I agree that anyone who has his head in the sand and is pretending all is well is treading on a thin mindset, but there is something else to consider. The market is what it is. In a way, an investor’s impetus to invest is outside comparative market analysis, except in the sense of predicting time frames for turnarounds. In other words, an investor’s main concern is not if the market is up or down, but rather does a particular real estate investment make sense in the context of where the market is and the future prospect of where the market might go.

Hardly anyone will ever time the market perfectly, and it’s not necessary. The main thing is to take each investment and judge by it by numbers. Right now may be the best time to buy if the numbers work and if your prediction of turnaround time is fairly accurate. Of course no one knows if the market will get drastically worse, but when the market is good no one knows if the market will get drastically better, so we take chances that extremes will be avoided. There is risk involved in investing.

Investors are a different breed who live by risks. An investor weighs risks in an up market just as he weighs risks in a down market. The risk in a down market is that the market will continue downward further than expected, so getting the best price and establishing cash flow are important. If you decide to buy in a down market, you are betting the market will not go down further (or much further) than the price reduction you negotiate and that the cash flow will help offset what further downward movement there is until the market turns upward again. In an up market price is still important although you may have to pay closer to asking price, but you are betting the market will continue to rise until you get to a point where you can sell for a profit.

If interest rates are following the heat then rates should be lower in a down market and higher in an over-heated market – this is if we are going by rational actions. But whatever may be the case, an investor need only judge by how the market IS, not by its “goodness” or “badness”.
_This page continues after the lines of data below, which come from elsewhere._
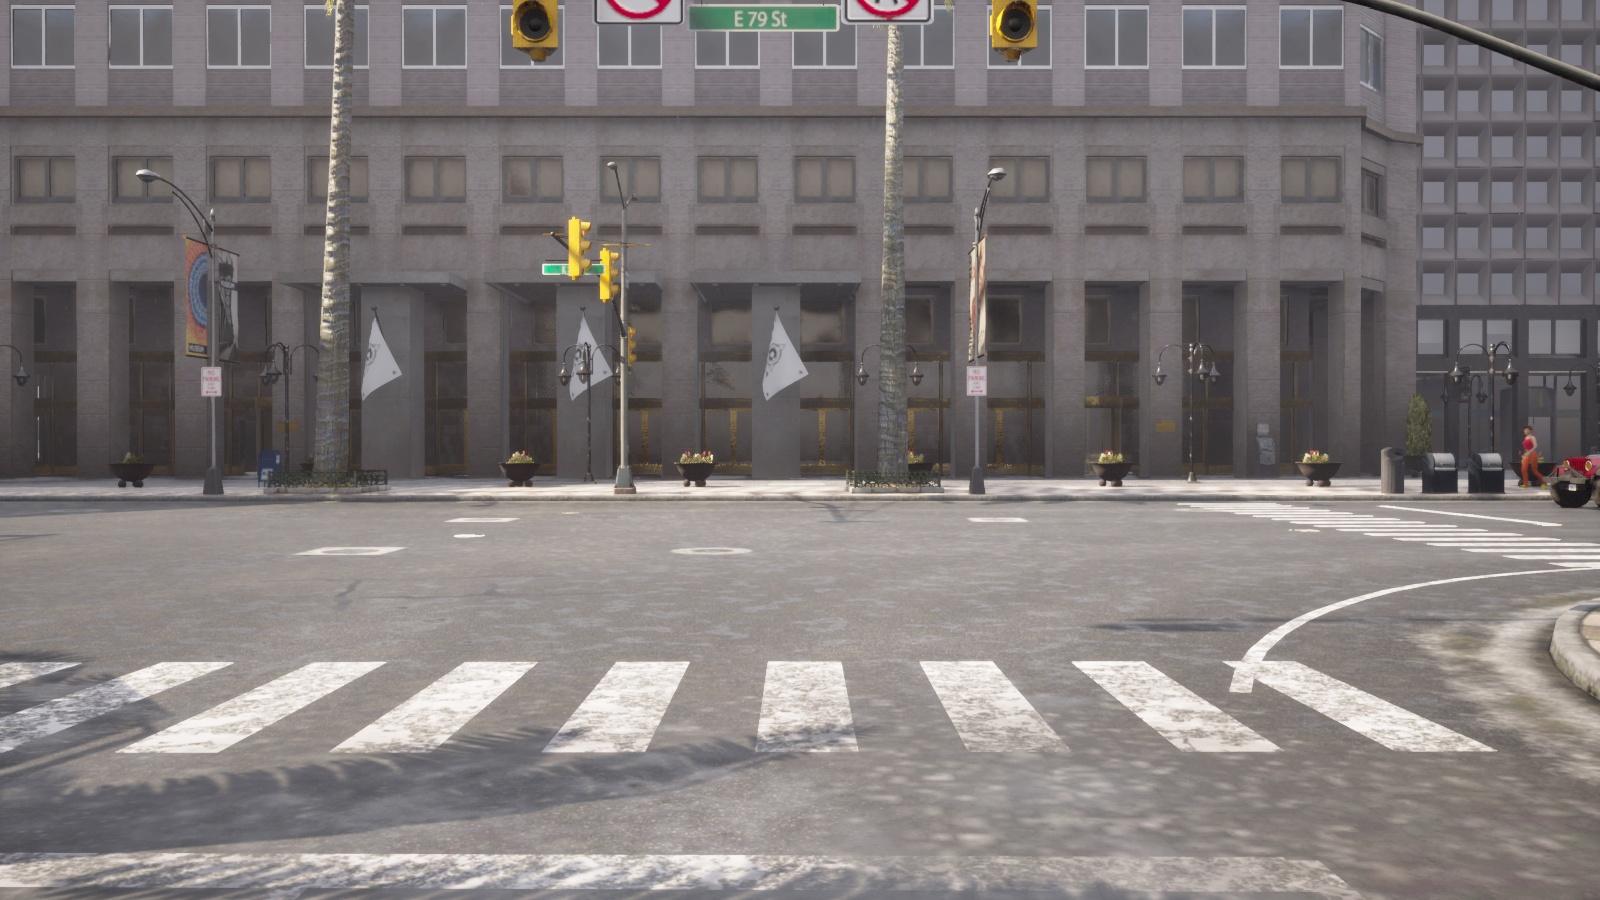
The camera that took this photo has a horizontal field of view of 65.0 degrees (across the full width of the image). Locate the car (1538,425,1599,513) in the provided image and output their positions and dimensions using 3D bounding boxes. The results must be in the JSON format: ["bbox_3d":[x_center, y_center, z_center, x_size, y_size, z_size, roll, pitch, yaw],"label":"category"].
[{"bbox_3d":[18.784,0.401,27.708,3.866,1.878,1.905,0,0,1],"label":"car"}]

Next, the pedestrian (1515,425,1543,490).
[{"bbox_3d":[20.899,0.217,36.014,0.594,1.836,0.345,0,0,-8],"label":"pedestrian"}]
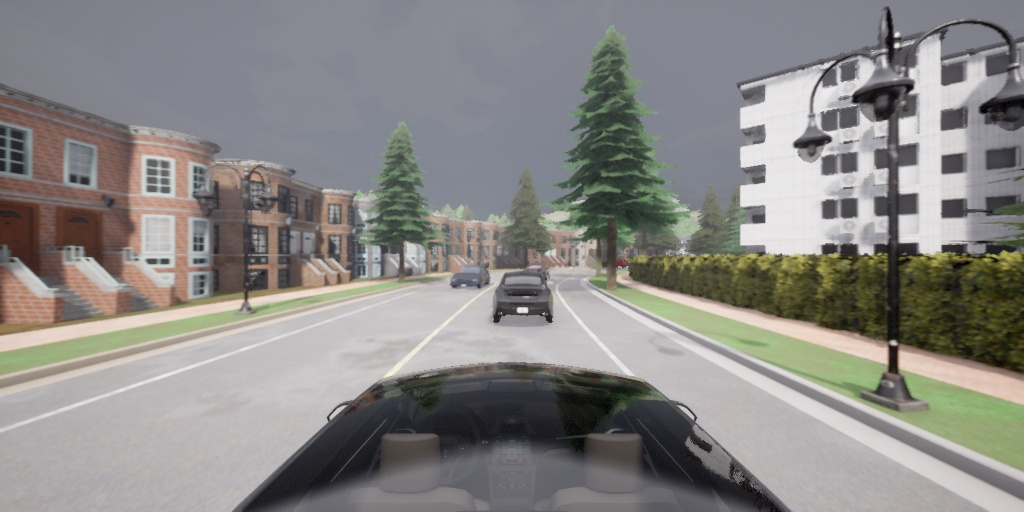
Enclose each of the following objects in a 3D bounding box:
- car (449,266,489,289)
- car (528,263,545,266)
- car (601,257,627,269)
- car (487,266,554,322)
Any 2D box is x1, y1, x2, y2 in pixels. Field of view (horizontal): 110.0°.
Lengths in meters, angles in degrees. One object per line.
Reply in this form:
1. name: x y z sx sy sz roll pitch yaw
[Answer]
1. car: -2.596 1.335 23.601 2.033 1.411 5.357 0 0 5
2. car: 2.047 1.331 29.479 1.812 1.442 4.674 0 0 11
3. car: 16.862 1.102 59.883 5.566 2.045 2.150 0 0 -38
4. car: 0.396 1.276 12.473 1.837 1.490 4.892 0 0 2
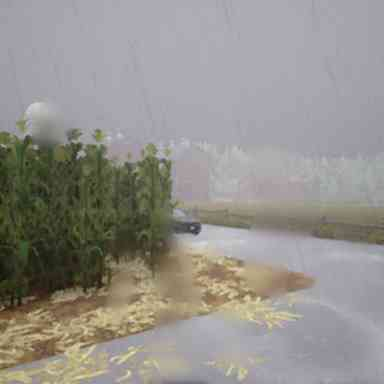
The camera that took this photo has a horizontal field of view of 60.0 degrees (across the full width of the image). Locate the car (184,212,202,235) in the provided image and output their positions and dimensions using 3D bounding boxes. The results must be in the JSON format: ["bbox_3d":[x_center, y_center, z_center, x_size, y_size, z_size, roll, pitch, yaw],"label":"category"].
[{"bbox_3d":[-1.412,1.584,18.888,1.882,1.535,5.008,0,-1,-35],"label":"car"}]
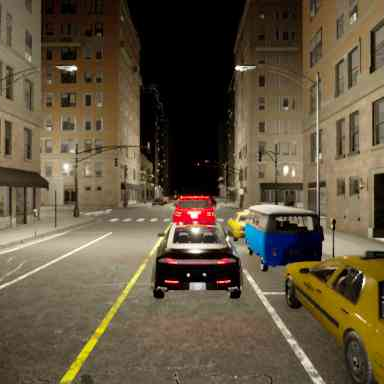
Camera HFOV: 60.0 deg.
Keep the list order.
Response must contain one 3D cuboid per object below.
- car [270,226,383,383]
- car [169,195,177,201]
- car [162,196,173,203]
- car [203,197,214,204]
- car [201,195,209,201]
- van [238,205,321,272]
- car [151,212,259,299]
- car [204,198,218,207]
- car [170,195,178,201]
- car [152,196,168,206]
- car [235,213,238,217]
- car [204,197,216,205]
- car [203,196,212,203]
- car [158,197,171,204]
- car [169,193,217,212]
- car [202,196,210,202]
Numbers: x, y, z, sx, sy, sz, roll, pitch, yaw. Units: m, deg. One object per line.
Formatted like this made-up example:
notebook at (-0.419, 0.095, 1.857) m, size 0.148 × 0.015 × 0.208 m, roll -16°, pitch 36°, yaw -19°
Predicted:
car at (2.680, 1.530, 5.028) m, size 1.752 × 1.417 × 4.829 m, roll 1°, pitch 0°, yaw 0°
car at (-5.024, 1.593, 86.985) m, size 1.752 × 1.417 × 4.829 m, roll 1°, pitch 0°, yaw 1°
car at (-5.251, 1.603, 70.568) m, size 1.887 × 1.381 × 4.507 m, roll 1°, pitch 0°, yaw 1°
car at (3.197, 1.604, 64.928) m, size 2.008 × 1.369 × 4.403 m, roll 1°, pitch 0°, yaw 1°
car at (3.579, 1.620, 92.579) m, size 2.008 × 1.369 × 4.403 m, roll 1°, pitch 0°, yaw 1°
van at (2.688, 1.351, 10.531) m, size 1.690 × 1.788 × 3.998 m, roll 1°, pitch 0°, yaw 0°
car at (0.107, 1.500, 8.461) m, size 2.128 × 1.511 × 4.902 m, roll 0°, pitch 0°, yaw 0°
car at (3.045, 1.612, 53.868) m, size 1.947 × 1.339 × 4.313 m, roll 1°, pitch 0°, yaw 1°
car at (-4.946, 1.636, 92.683) m, size 1.947 × 1.339 × 4.313 m, roll 1°, pitch 0°, yaw 1°
car at (-5.480, 1.629, 53.982) m, size 1.802 × 1.307 × 4.206 m, roll 1°, pitch 0°, yaw 1°
car at (2.692, 1.541, 16.375) m, size 1.752 × 1.417 × 4.829 m, roll 1°, pitch 0°, yaw 0°
car at (3.121, 1.594, 59.398) m, size 1.887 × 1.381 × 4.507 m, roll 1°, pitch 0°, yaw 1°
car at (3.274, 1.602, 70.459) m, size 1.887 × 1.381 × 4.507 m, roll 1°, pitch 0°, yaw 1°
car at (-5.327, 1.605, 65.039) m, size 2.008 × 1.369 × 4.403 m, roll 1°, pitch 0°, yaw 1°
car at (0.119, 1.240, 18.647) m, size 2.150 × 2.045 × 5.566 m, roll 0°, pitch 0°, yaw 0°
car at (3.426, 1.629, 81.519) m, size 1.947 × 1.339 × 4.313 m, roll 1°, pitch 0°, yaw 1°
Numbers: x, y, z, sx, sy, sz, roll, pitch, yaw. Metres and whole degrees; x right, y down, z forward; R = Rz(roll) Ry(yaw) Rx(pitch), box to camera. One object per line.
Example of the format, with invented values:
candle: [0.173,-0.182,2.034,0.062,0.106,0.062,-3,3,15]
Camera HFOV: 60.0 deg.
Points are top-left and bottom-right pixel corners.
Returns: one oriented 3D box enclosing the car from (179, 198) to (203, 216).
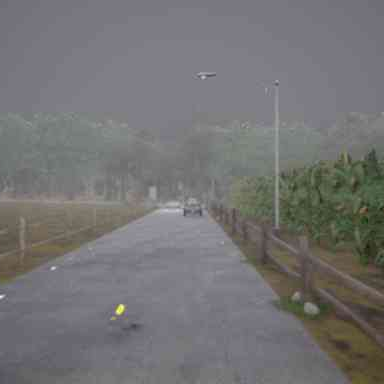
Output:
car: [0.086,1.590,33.315,2.128,1.511,4.902,0,0,0]

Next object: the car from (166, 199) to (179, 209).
car: [-2.783,1.754,49.142,1.895,1.301,4.718,0,0,0]

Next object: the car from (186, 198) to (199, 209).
car: [0.028,1.654,48.833,1.837,1.490,4.892,0,-1,-1]
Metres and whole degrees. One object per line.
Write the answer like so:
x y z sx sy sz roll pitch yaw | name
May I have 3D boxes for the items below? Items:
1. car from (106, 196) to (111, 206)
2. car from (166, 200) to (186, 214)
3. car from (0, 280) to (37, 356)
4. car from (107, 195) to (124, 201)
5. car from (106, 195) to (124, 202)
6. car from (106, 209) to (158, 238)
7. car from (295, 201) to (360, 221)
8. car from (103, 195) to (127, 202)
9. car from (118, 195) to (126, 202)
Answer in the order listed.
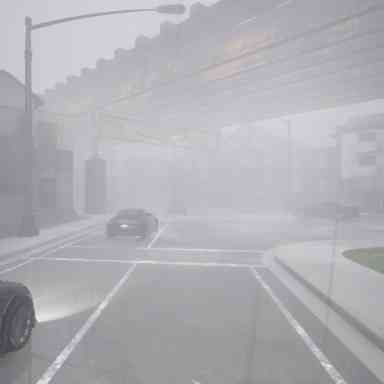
-14.834 1.357 53.141 2.097 1.767 4.553 0 0 -45 | car
-1.739 1.567 35.449 1.994 1.385 4.181 0 0 -6 | car
-3.404 1.565 3.486 1.994 1.385 4.181 0 0 0 | car
-17.513 1.303 76.152 1.853 1.218 4.536 0 0 15 | car
-17.526 1.461 76.102 2.038 1.542 4.974 0 0 15 | car
-3.027 1.565 17.590 1.994 1.385 4.181 0 0 4 | car
10.895 1.481 27.115 1.882 1.535 5.008 0 0 -45 | car
-16.848 1.460 72.433 4.974 1.542 2.038 0 0 -15 | car
-16.798 1.303 72.446 4.536 1.218 1.853 0 0 -15 | car

If you have judged this market for what it IS and looked at the numbers that have to materialize for the investment to make sense, then now is as good a time as any to invest. It’s a matter of knowing your market and predicting the future fairly well. If you are in a market where the economy is diverse and the only thing holding it back is a national slowdown, then it’s pretty safe to say your market will rebound and probably won’t sink into oblivion.

At any given time markets are in flux, but you should be able to predict fairly well if nothing major has changed locally. If you are trying to time the market and waiting for a bell to signal the absolute bottom, you will most likely miss it because there are no bells, just investment judgment.

This is what investing is about. This is what separates investors from normal buyers who buy when they think every is good and is going to get better. It will take more number crunching and you have to use discipline to stick with a plan of action, but if you’ve made a plan based on the numbers that have to make sense, then the rest is the risk an investor takes.

This may not make sense to some people, but it does to me.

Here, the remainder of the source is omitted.